One of the key areas in which institutions can improve compliance oversight is to develop clear guidelines for signatory authority for the approval of contracts, transactions, or other major university decisions and initiatives. When an employee knows that he or she is the responsible party for a contract or other decision, he or she is more likely to review it carefully. It also makes it easier for everyone in the process to know with whom they should be dealing. Signatory authority guidelines can be posted on websites and updated regularly with relevant delegations of authority or other changes.
Institutional Policies, Accreditation, and Other Compliance Obligations: Compliance obligations don’t begin and end with external laws and regulations. We must also pay attention to our own institutional policies and procedures. It is helpful to have easily accessible, searchable policy libraries online that are readily available to all employees.

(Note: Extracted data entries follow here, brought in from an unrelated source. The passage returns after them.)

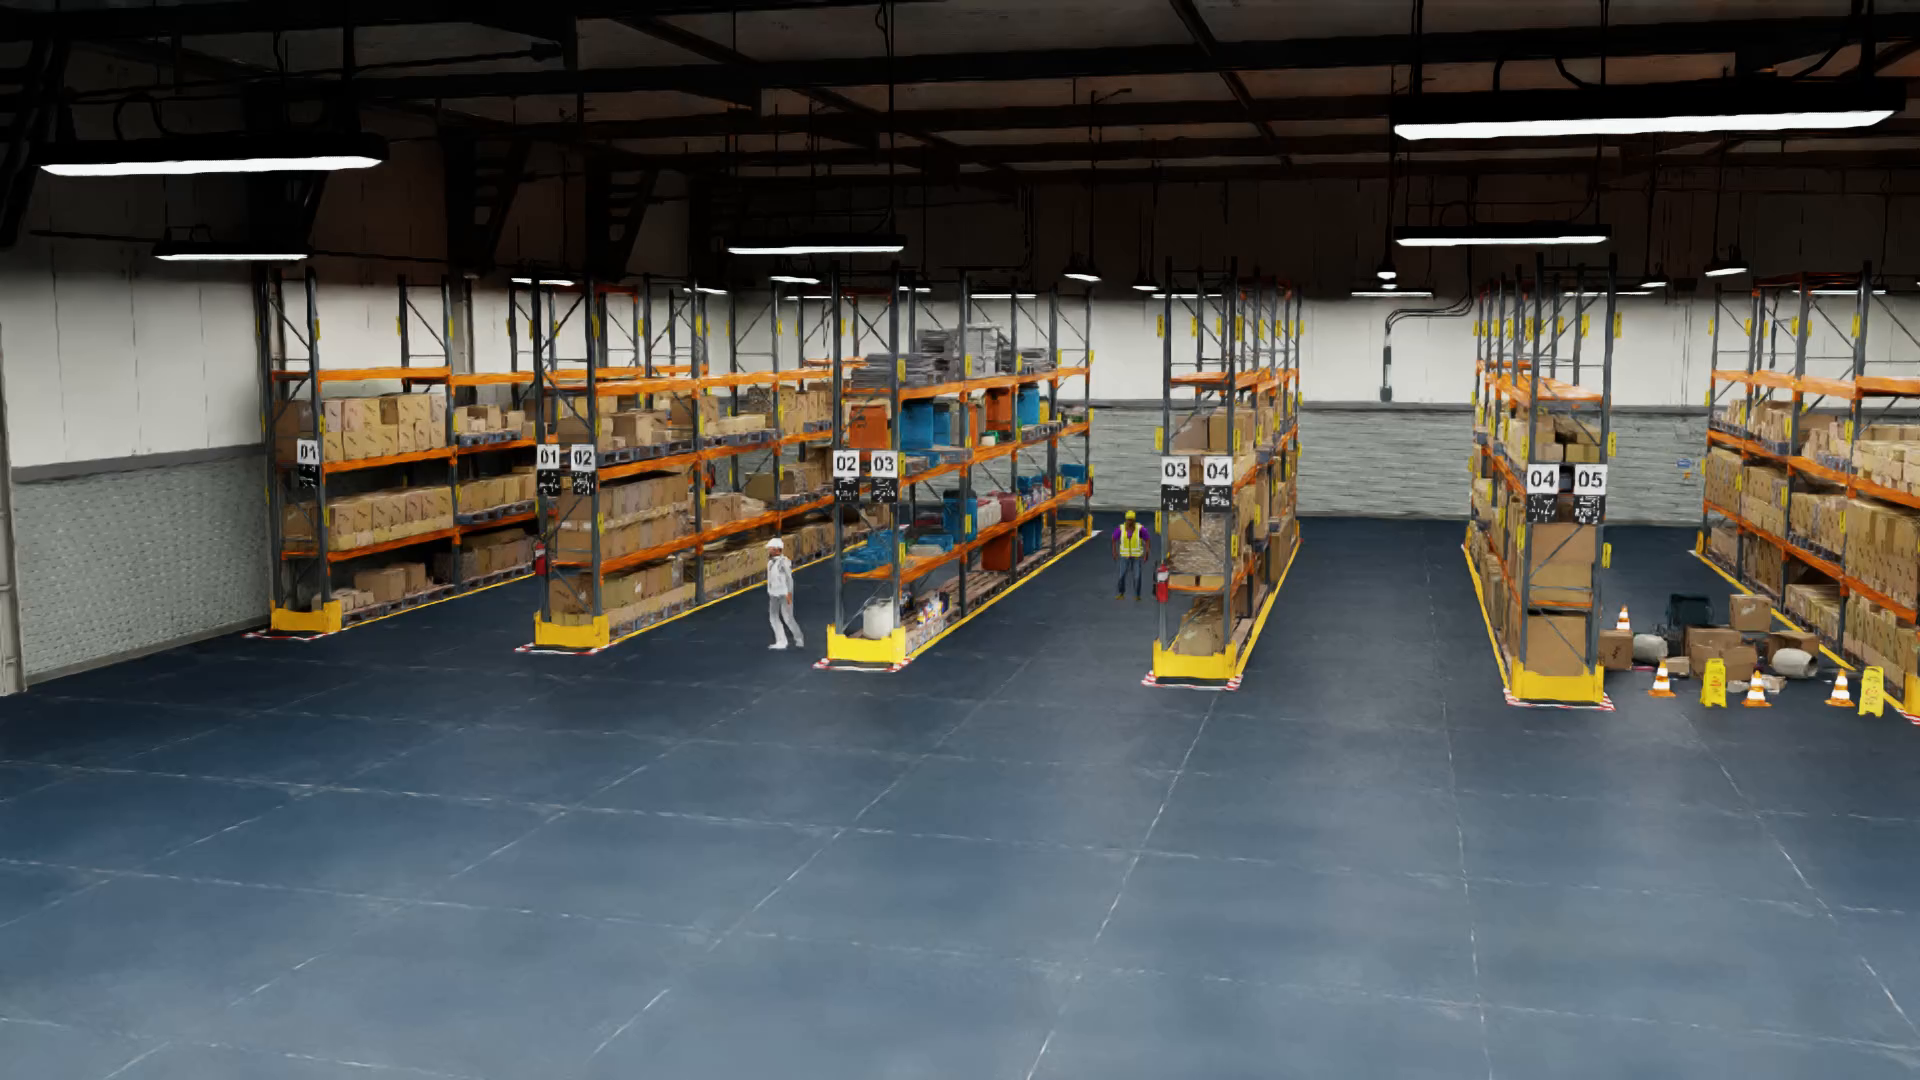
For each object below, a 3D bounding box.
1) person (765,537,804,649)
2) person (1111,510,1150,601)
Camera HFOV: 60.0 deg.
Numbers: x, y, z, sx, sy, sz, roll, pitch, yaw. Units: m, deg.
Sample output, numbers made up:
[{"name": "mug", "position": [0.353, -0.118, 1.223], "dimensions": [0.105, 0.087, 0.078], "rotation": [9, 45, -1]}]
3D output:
[{"name": "person", "position": [-2.755, 0.829, 26.108], "dimensions": [0.566, 1.760, 0.579], "rotation": [-6, 9, -39]}, {"name": "person", "position": [3.131, 0.285, 30.594], "dimensions": [0.719, 1.714, 0.572], "rotation": [2, 7, 12]}]

Likewise, accreditation requirements are an increasingly important source of compliance obligations and merit special attention—-not just when an institution is facing a site visit or reaccreditation review. For all schools or programs that are accredited by an external body, therefore, it is helpful to have someone who is designated as the in-house expert on the relevant accreditation requirements.
Tone from the Top
Institutional leaders have an important role to play in conveying the message, internally and externally, that compliance responsibilities will be taken seriously—and that ethical conduct and decision-making will be recognized and rewarded. At James Madison University, a new institution-wide ethics initiative (The Madison Collaborative: Ethical Reasoning in Action) has been introduced, in which we hope faculty and staff will join with our students in discussing the importance of ethical decision-making in our professional, civic, and personal lives. Leaders can play a key role in creating safe spaces for the discussion of ethical issues, and in conveying the message that ethical or compliance shortcuts will not be permitted or encouraged.
Sometimes people feel that compliance obligations are a burden that simply gets in the way of the more fun and creative aspects of their jobs. At their best, however, compliance programs can be educational, enriching, and can be used to help individuals and units do their jobs more effectively. Compliance obligations are here to stay, so compliance efforts must be given the same respect as other institutional priorities.